Here's a complete example that generates synthetic data and compares distributions:

.. code-block:: python

    import pandas as pd
    import numpy as np
    import matplotlib.pyplot as plt
    from secureml.synthetic import generate_synthetic_data
    
    # Create sample data
    data = pd.DataFrame({
        'name': ['John Smith', 'Jane Doe', 'Robert Johnson', 'Emily Williams', 
                'Michael Brown', 'Sarah Davis', 'David Miller', 'Lisa Wilson'],
        'age': [34, 29, 42, 35, 51, 27, 38, 44],
        'gender': ['Male', 'Female', 'Male', 'Female', 'Male', 'Female', 'Male', 'Female'],
        'email': ['john.smith@example.com', 'jane.doe@example.com', 
                'robert.j@example.com', 'e.williams@example.com',
                'm.brown@example.com', 's.davis@example.com',
                'david.m@example.com', 'lisa.wilson@example.com'],
        'income': [65000, 72000, 58000, 93000, 81000, 67000, 79000, 82000],
        'credit_score': [720, 750, 680, 790, 705, 740, 710, 760],
        'zipcode': ['12345', '23456', '34567', '45678', '56789', '67890', '78901', '89012']
    })
    
    # Generate synthetic data
    synthetic_data = generate_synthetic_data(
        template=data,
        num_samples=100,
        method="statistical",
        sensitive_columns=['name', 'email'],
        sensitivity_detection={
            "auto_detect": True,  # Auto-detect additional sensitive columns
            "confidence_threshold": 0.7
        },
        preserve_dtypes=True,
        handle_skewness=True,
        seed=42
    )
    
    # Save the synthetic data
    synthetic_data.to_csv("synthetic_customer_data.csv", index=False)
    
    # Compare distributions
    numeric_cols = ['age', 'income', 'credit_score']
    
    # Set up the figure
    plt.figure(figsize=(15, 5))
    
    # Plot histograms for each numeric column
    for i, col in enumerate(numeric_cols):
        plt.subplot(1, 3, i+1)
        plt.hist(data[col], alpha=0.5, label='Original', bins=10)
        plt.hist(synthetic_data[col], alpha=0.5, label='Synthetic', bins=10)
        plt.title(f'Distribution of {col}')
        plt.legend()
    
    plt.tight_layout()
    plt.savefig('synthetic_data_comparison.png')
    
    print("Synthetic data generated and saved to synthetic_customer_data.csv")
    print("Distribution comparison saved to synthetic_data_comparison.png")

Best Practices
------------

1. **Choose the right method**: 
   - For simple datasets: use "simple" or "statistical"
   - For complex relationships: use "sdv-copula", "sdv-ctgan", or "copula"

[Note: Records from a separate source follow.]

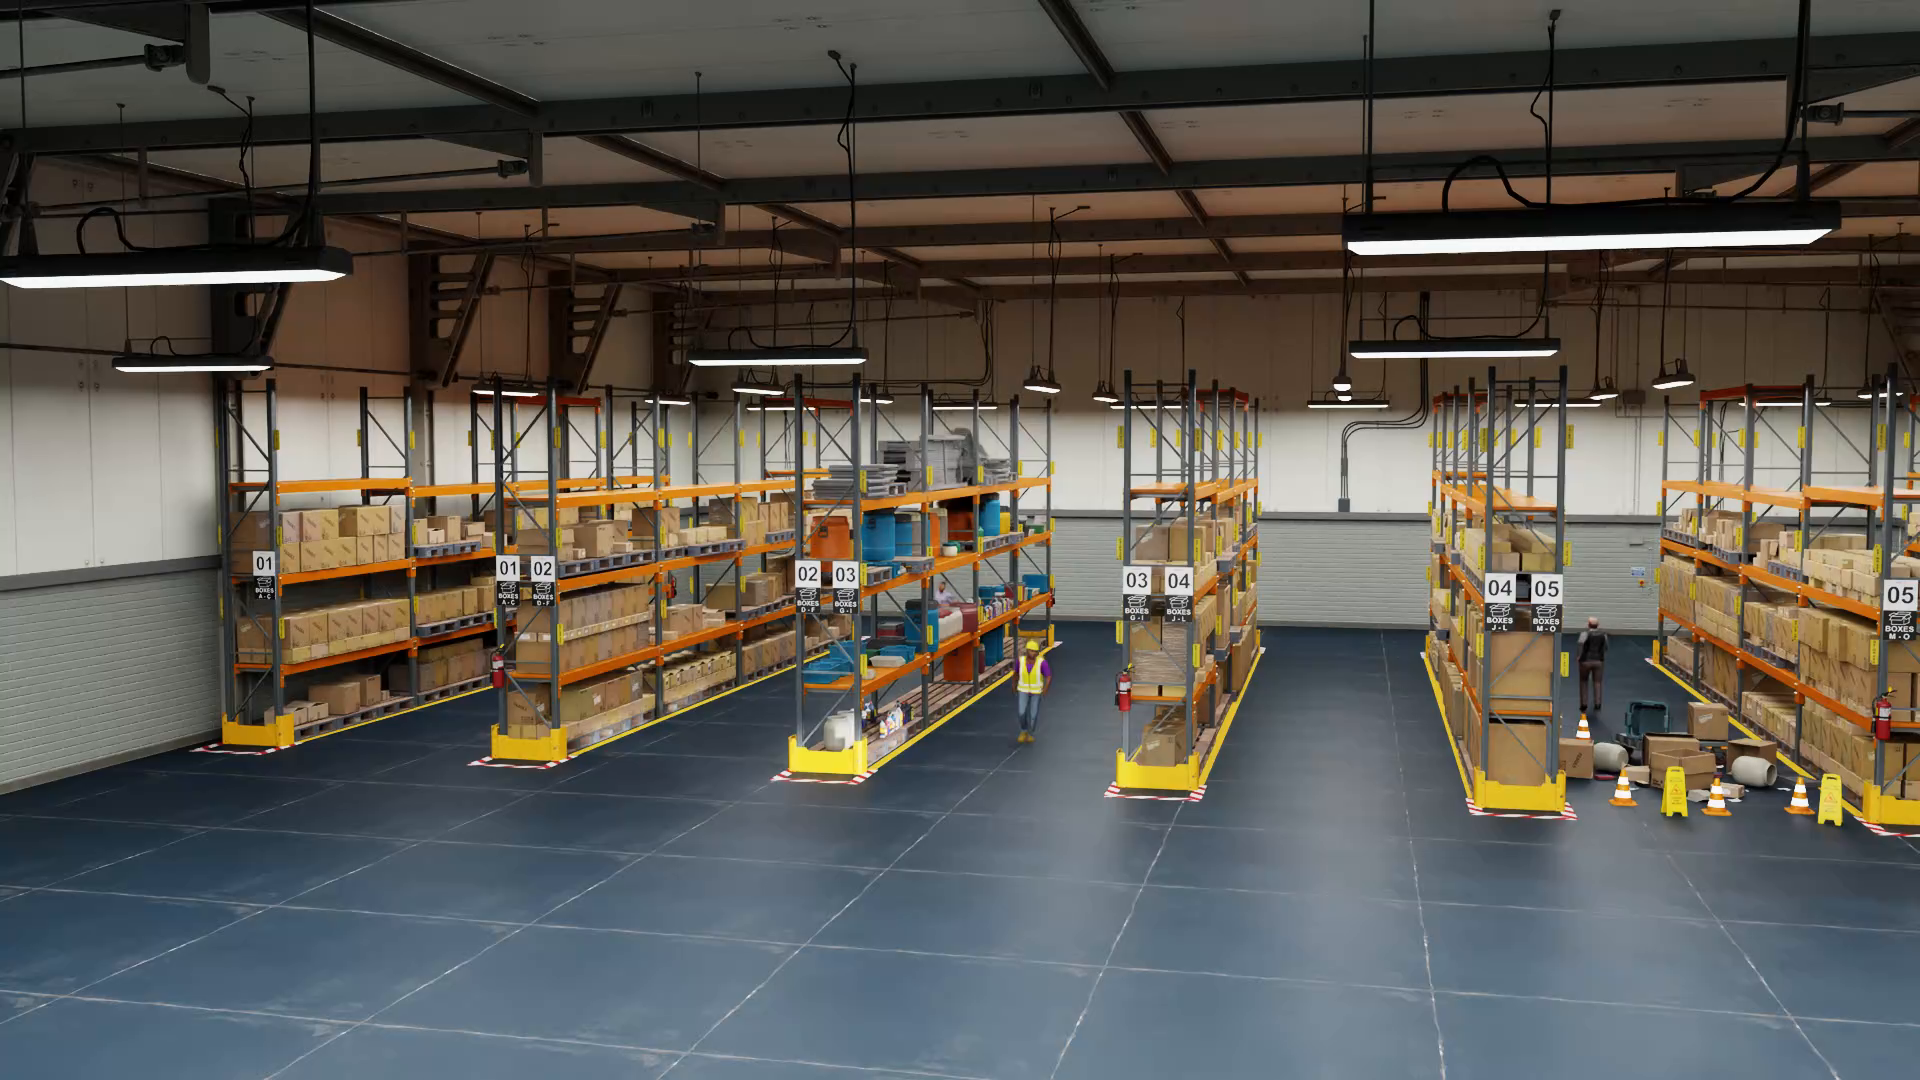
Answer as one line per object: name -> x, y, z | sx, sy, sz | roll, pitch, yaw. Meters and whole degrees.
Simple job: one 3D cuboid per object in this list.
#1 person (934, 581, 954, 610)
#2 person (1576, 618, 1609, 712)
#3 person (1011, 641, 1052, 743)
person -> -0.392, 1.816, 39.245 | 0.594, 1.683, 0.808 | 1, 4, 18
person -> 11.557, 2.301, 30.382 | 0.617, 1.762, 0.856 | 1, 3, 10
person -> 1.165, 2.494, 27.225 | 0.680, 1.708, 0.821 | 0, 3, 4
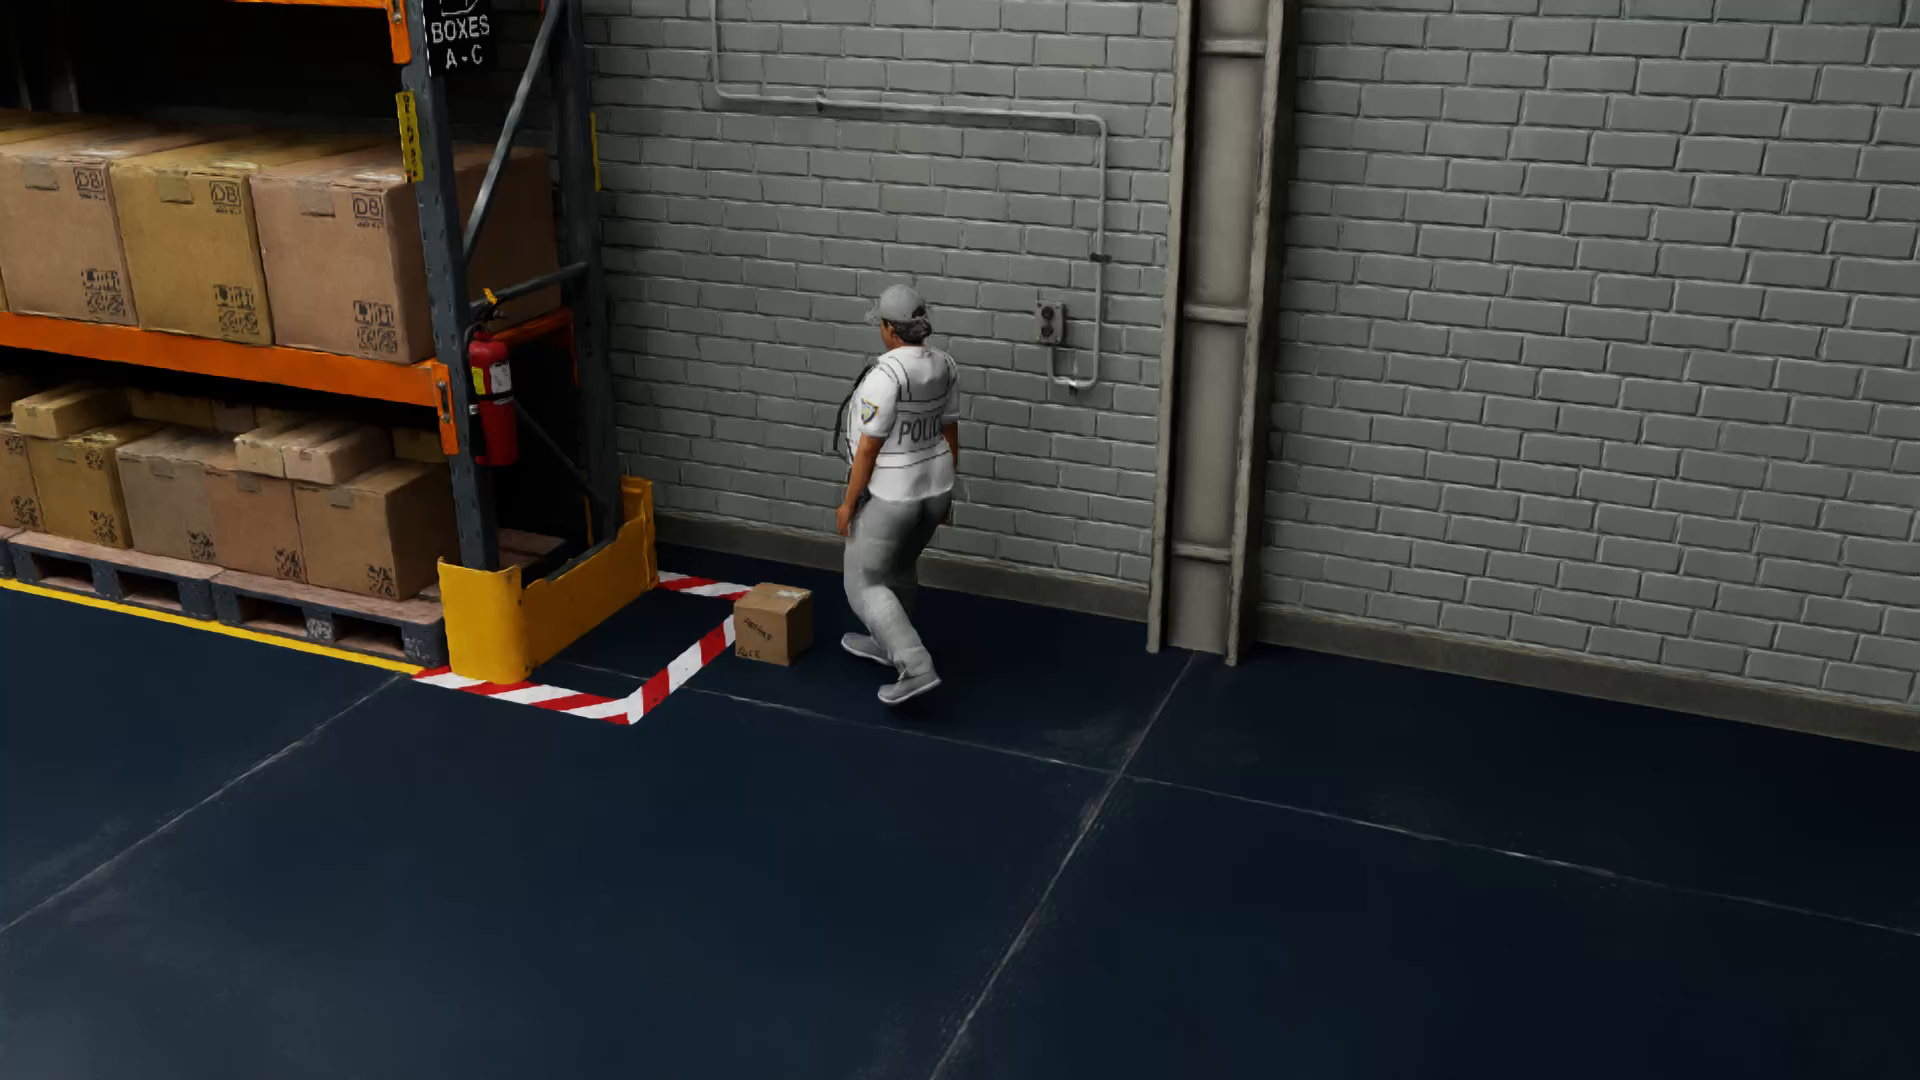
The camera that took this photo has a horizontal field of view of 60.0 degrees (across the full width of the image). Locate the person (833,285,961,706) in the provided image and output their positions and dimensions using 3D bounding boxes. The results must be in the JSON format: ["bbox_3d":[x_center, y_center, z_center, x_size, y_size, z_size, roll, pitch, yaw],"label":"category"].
[{"bbox_3d":[-0.266,-0.187,6.505,0.736,1.649,0.506,17,28,35],"label":"person"}]
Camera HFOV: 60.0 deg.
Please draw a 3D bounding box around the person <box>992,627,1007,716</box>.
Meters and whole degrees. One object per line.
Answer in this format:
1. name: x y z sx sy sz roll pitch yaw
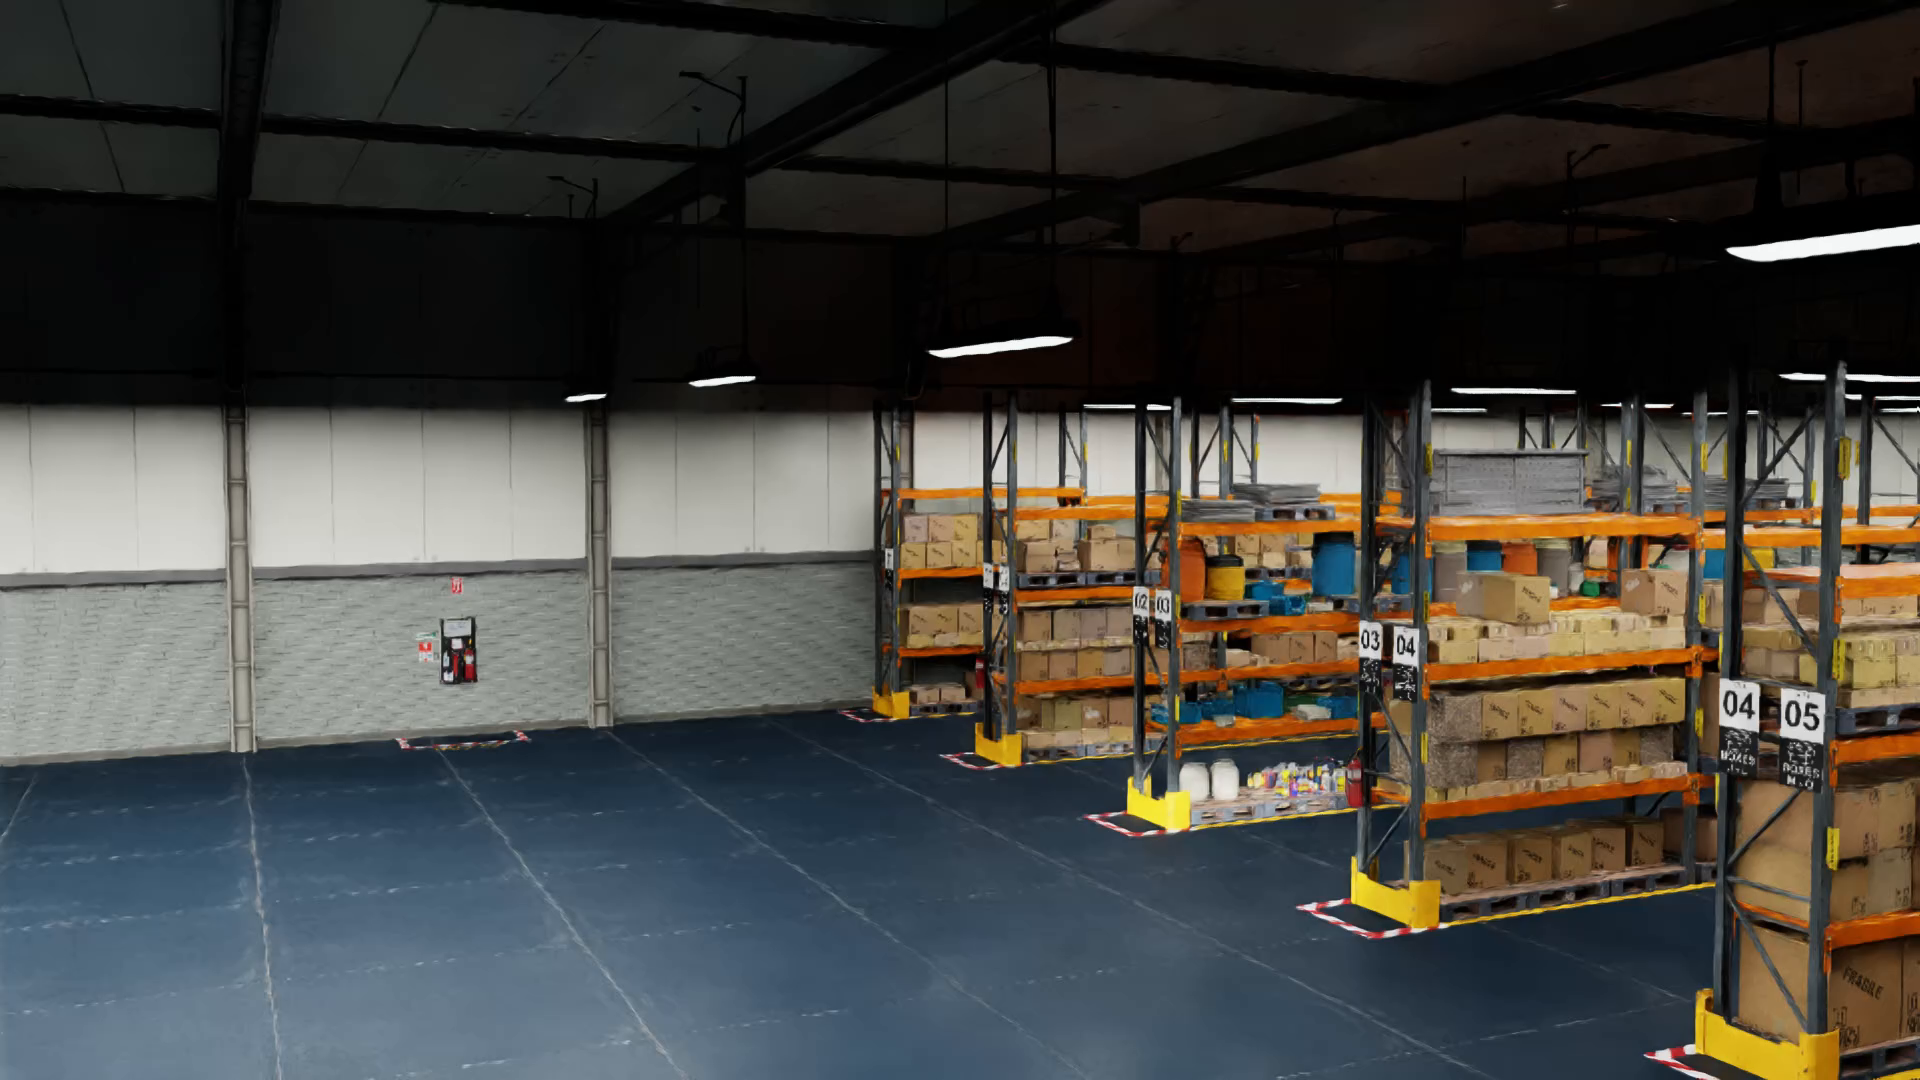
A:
1. person: 0.854 2.463 31.148 0.445 1.662 0.575 3 4 39

2. **Always identify sensitive columns**: Either specify them explicitly or use the automatic detection feature.

3. **Set a seed for reproducibility**: This ensures you get the same results each time.

4. **Evaluate your synthetic data**: Compare the distributions and relationships against the original data.

5. **Balance privacy and utility**: Adjust parameters to find the right balance for your use case.

6. **Handle sensitive data carefully**: Make sure the synthetic data doesn't leak any information from the original dataset.